McGuffie will get his chance soon enough. Starting later this month, Team USA will be traveling all over Europe to compete. McGuffie feels as though he still has a long way to go before he secures a spot on the 2018 Winter Olympic team, but his end goal is within sight.

“You’d be dumb to ignore the fact that you could be in the Olympics at some point in your life if you had the opportunity or you had the talent or the skillset or the drive to do that,” McGuffie said.

McGuffie has always been a man of eclectic athletic interests. Though he plans to focus only on bobsledding for the foreseeable future, he does not view the sport as his only path to the Olympics.

Rugby sevens, a form of rugby played with seven players, will be added to the Summer Olympics starting in 2016. Team USA officials asked McGuffie to come out for a combine at the end of November. Bobsledding put those plans on hold, but rugby is something he would like to try in the future.

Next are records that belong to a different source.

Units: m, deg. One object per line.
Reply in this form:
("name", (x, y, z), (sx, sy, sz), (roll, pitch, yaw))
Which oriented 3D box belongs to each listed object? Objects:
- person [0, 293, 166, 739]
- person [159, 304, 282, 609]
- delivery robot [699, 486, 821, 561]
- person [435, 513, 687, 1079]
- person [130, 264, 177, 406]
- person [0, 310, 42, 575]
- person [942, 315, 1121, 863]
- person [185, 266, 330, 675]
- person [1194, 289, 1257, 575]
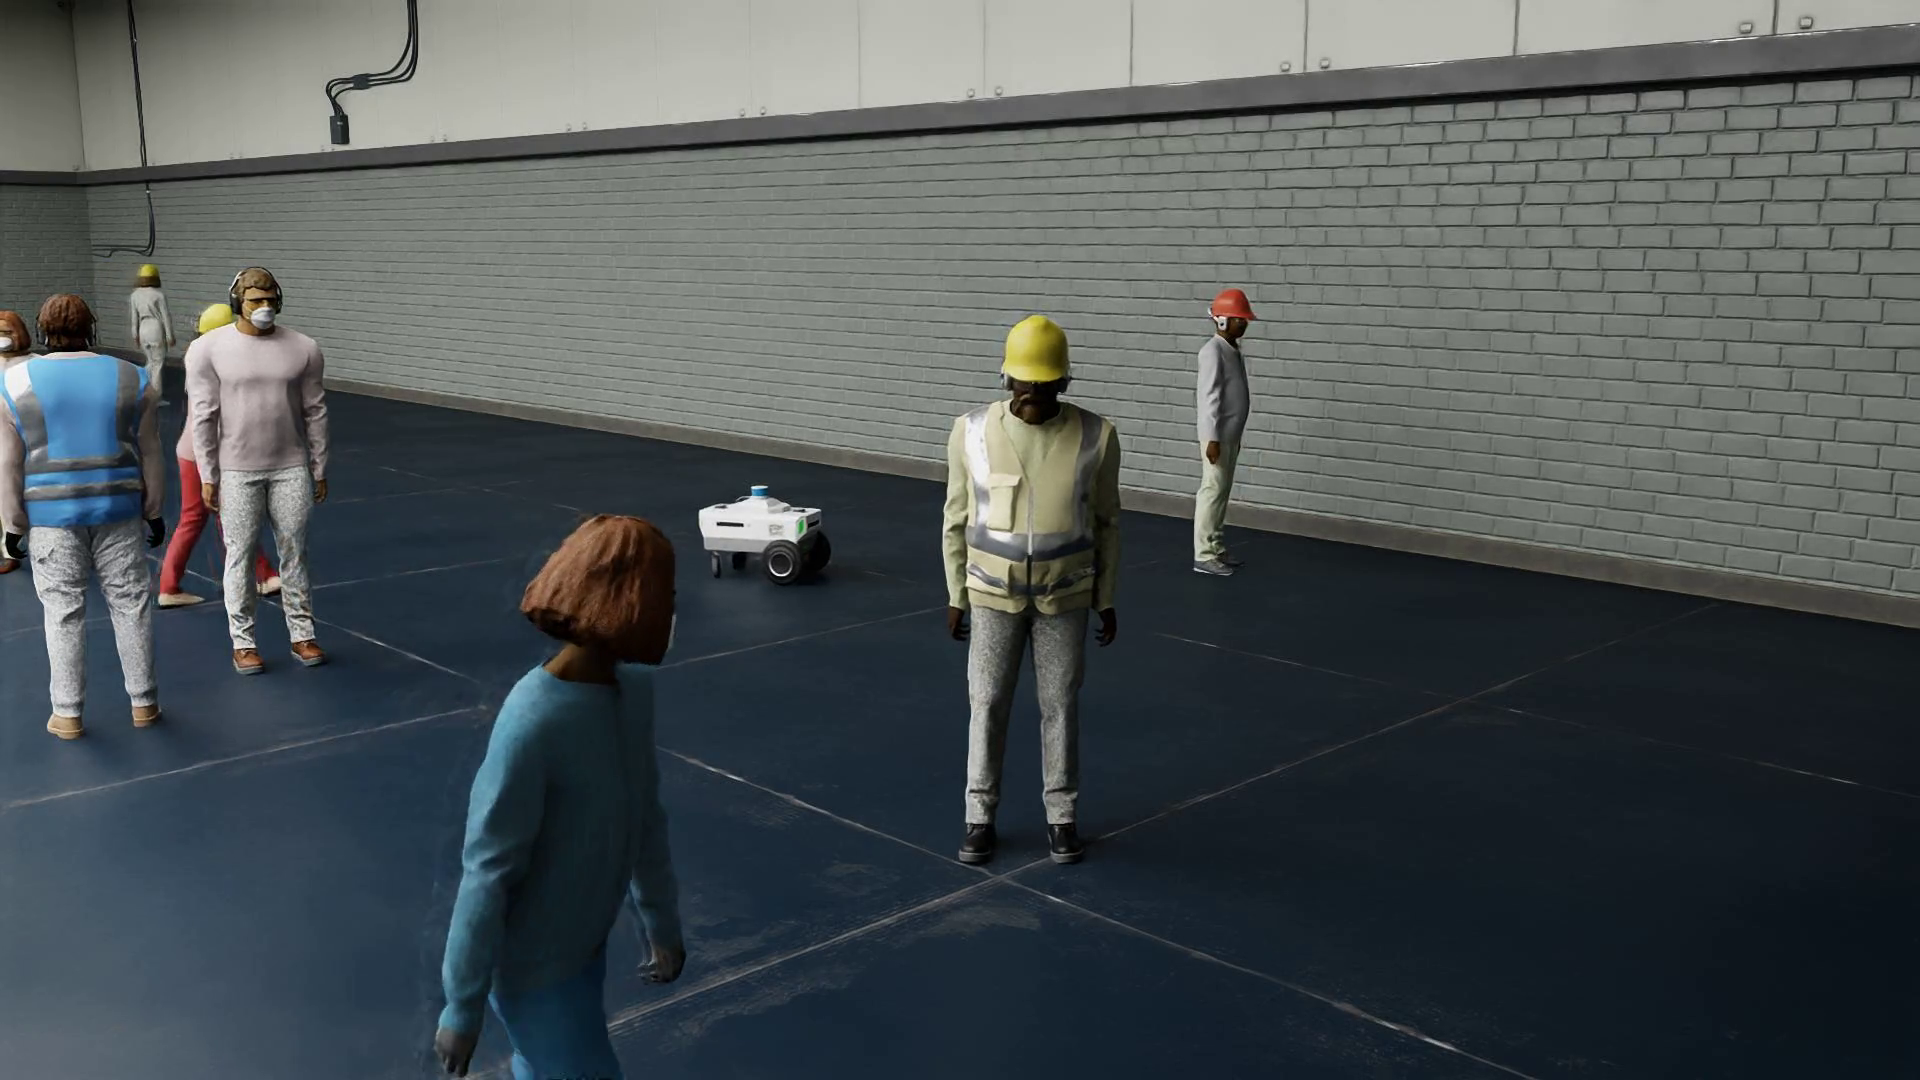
("person", (-3.644, -0.098, 6.924), (0.633, 1.843, 0.429), (-7, 13, -35))
("person", (-4.133, -0.460, 9.269), (0.779, 1.701, 0.568), (-3, 11, -15))
("delivery robot", (-1.218, -0.086, 10.113), (0.707, 0.478, 0.477), (3, 11, 16))
("person", (-0.707, 0.747, 2.942), (0.556, 1.602, 0.514), (1, 10, 7))
("person", (-9.817, -2.487, 20.271), (0.490, 1.729, 0.390), (3, 11, 18))
("person", (-5.768, -0.591, 10.212), (0.507, 1.627, 0.279), (-1, 10, -6))
("person", (0.236, 0.172, 5.500), (0.591, 1.824, 0.404), (1, 10, 3))
("person", (-3.322, -0.330, 7.950), (0.625, 1.933, 0.375), (-8, 13, -36))
("person", (1.645, -0.670, 10.279), (0.342, 1.749, 0.573), (4, 11, 23))

There’s always track and field, too. McGuffie sometimes wonders what would happen if he put all of his time into the sport, something he was never able to do in college.

“He did the decathlon a little bit for us,” Thom, the track coach, said. “If he was able to focus on it full time, he could have been very competitive at the highest level at the NCAA level. If you’re competitive there, then you can be competitive at the international level as well.”

Of course, he still thinks about football, too. McGuffie still loves the sport he played for 15 years, and he won’t rule out a return.

Sometimes, he thinks back to his time at Michigan. He holds great respect for his running backs coach, Fred Jackson, and he says he “loves” former Michigan coach Rich Rodriguez, even though McGuffie was not pleased with how his time as a Wolverine ended. McGuffie, all of these years later, says the main reason for his transfer was to be closer to his family in Texas. At the time, Rodriguez placed much of the blame on McGuffie having a concussion problem, something McGuffie says was not a factor.

McGuffie still roots for Michigan, saying he loves everything about the school. Things just didn’t work out back then. He didn’t feel like the Wolverines’ spread offense was the right fit, and he was just a young kid tasked with replacing Mike Hart. He faced enormous expectations due in large part to one recruiting video.

He didn’t lose that talent when he left. It just took him a while to discover the best way to use it, and with more than two years until the 2018 Winter Olympics, maybe he still hasn’t.

But now, in his next career, McGuffie has the chance to fulfill a childhood fantasy. He never thought he would be a bobsledder, never thought he would make the Olympics in this way. But he wants to find out what could happen if he tries.   

“I don’t want to be the what-if guy. I kind of want to see what I’m capable of,” McGuffie said. “I want to see how far I can go, what I can do.”